Mapping Ancient Forests: Bayesian Inference for Spatio-temporal Trends in Forest Composition Using the Fossil Pollen Proxy Record

Christopher J. Paciorek, Harvard School of Public Health
Jason S. McLachlan, University of Notre Dame


Ecologists use the relative abundance of fossil pollen in sediments to estimate how tree species abundances change over space and time. To predict historical forest composition and investigate how much information is available from such data, we build a Bayesian hierarchical model that predicts forest composition in central New England, USA, based on fossilized pollen from sediments in a network of ponds. After preprocessing the pollen composition time series from individual ponds, the critical relationships between abundances of taxa in the pollen record and abundances in actual vegetation are estimated for the modern and colonial periods, for which both pollen and direct vegetation data are available. For each time period, the Bayesian model relates pollen and vegetation data to a latent spatial process representing forest composition. For time periods in the past with only pollen data, we use the estimated model parameters to make predictions about the latent spatial process conditional on the relevant pollen data, and, through the parameter estimates, conditional on information in the modern and colonial data. Careful parameterizations allow us to borrow strength across taxa, space, and time. We develop an innovative graphical assessment of feature significance to help to infer which spatial patterns are reliably estimated.
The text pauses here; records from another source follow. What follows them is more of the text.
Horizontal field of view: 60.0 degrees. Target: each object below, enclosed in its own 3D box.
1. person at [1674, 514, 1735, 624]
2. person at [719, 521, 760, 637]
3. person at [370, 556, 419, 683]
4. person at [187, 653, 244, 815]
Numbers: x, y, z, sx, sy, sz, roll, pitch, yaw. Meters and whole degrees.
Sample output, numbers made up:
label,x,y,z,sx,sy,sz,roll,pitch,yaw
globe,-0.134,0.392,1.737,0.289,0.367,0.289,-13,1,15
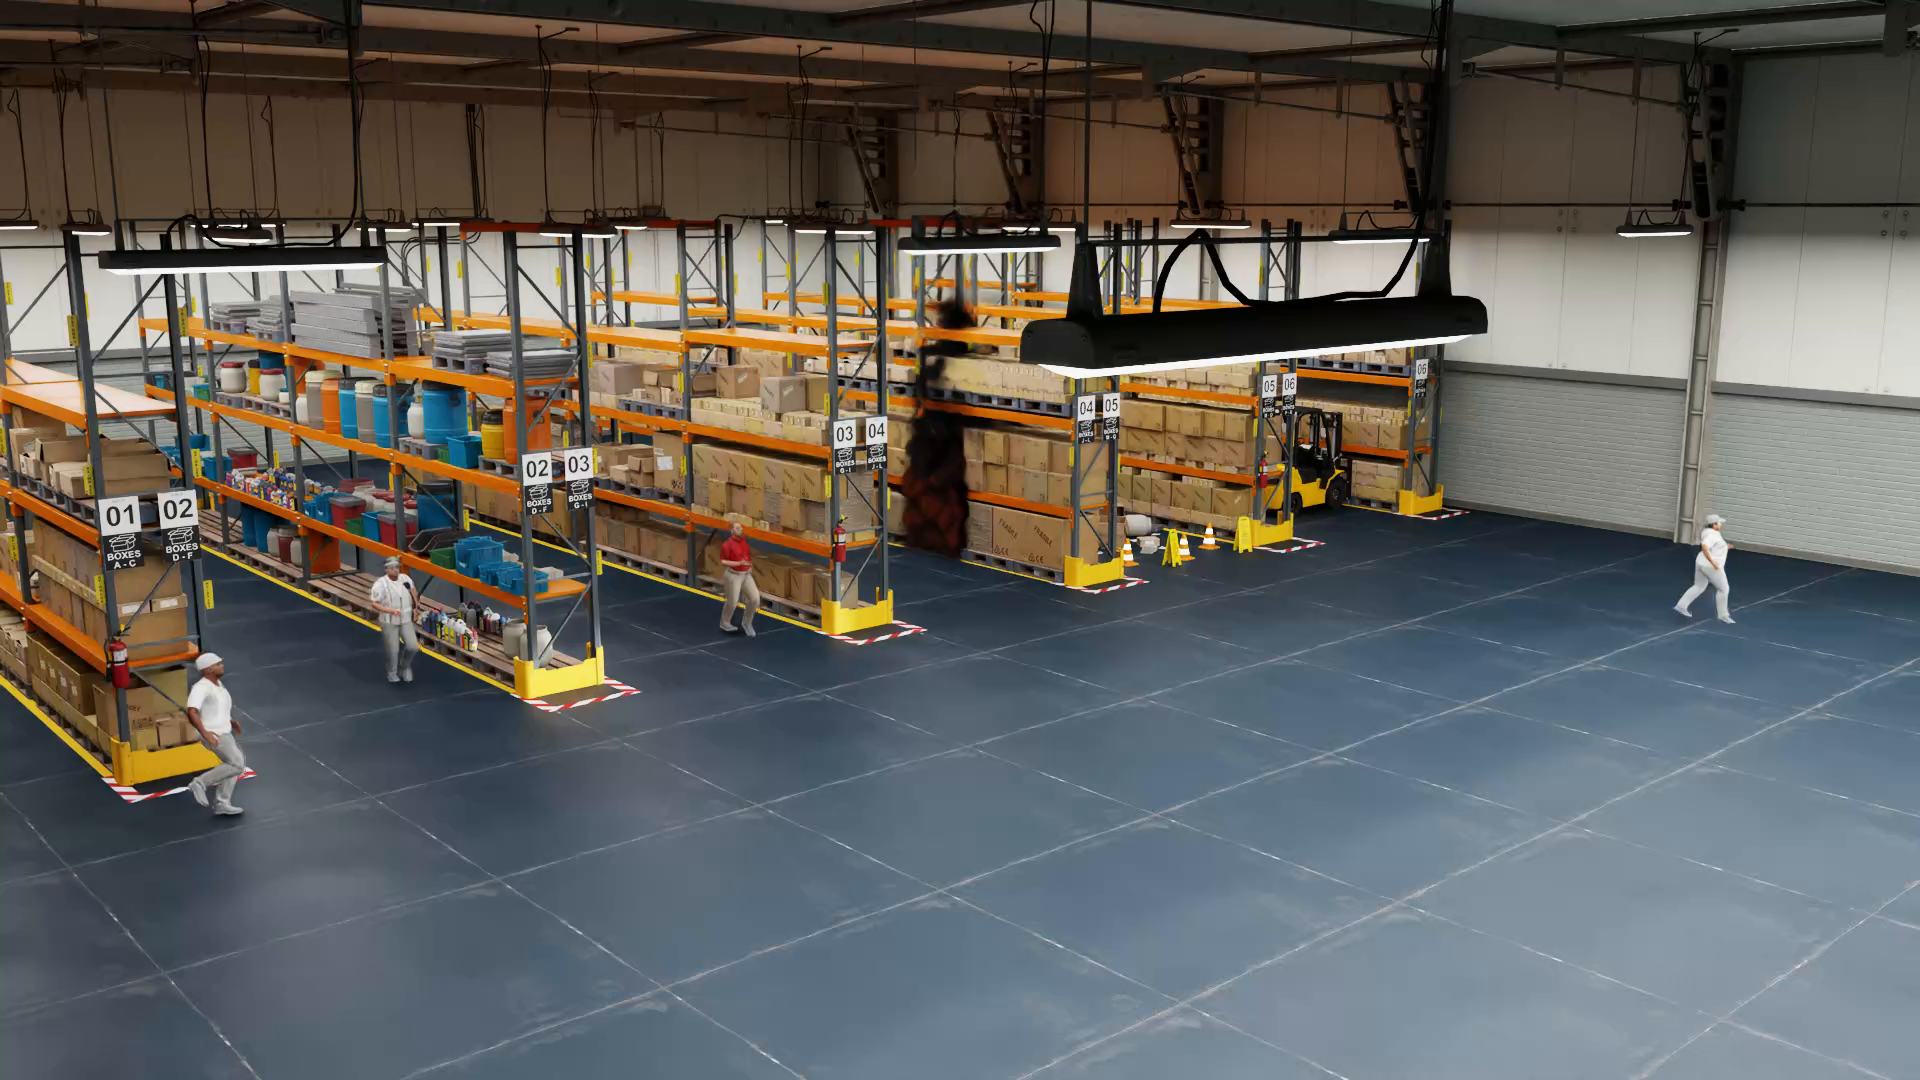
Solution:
label,x,y,z,sx,sy,sz,roll,pitch,yaw
person,11.460,0.440,25.423,0.861,1.695,0.591,0,11,-1
person,-3.277,0.600,24.645,0.750,1.786,0.638,10,15,40
person,-7.457,1.078,22.117,0.684,1.776,0.646,-9,15,-39
person,-7.850,2.028,17.558,0.548,1.691,0.743,-2,12,-12

Using this approach, we estimate the spatial distribution and relative abundances of tree species over the last 2000 years, with an assessment of uncertainty, and draw inference about how these patterns have changed over time. Cross-validation suggests that our feature significance approach can reliably indicate certain large-scale spatial features for many taxa, but that features on scales smaller than 50 km are difficult to distinguish, as are large-scale features for some taxa. The model fits also allow us to investigate the covariate effects on taxa abundance over time and the degree of long-distance pollen dispersal and differences between taxa in pollen dispersal characteristics.

The assessment of uncertainty in this paper is the critical advantage of our modeling approach over current ecological analyses. In addition, by analyzing the data in the context of such a model, we can investigate ecological hypotheses. Building ecological research on a solid statistical framework will allow us to extend this collaboration in several areas such as population spread after the last ice age and genetic consequences of population dynamics.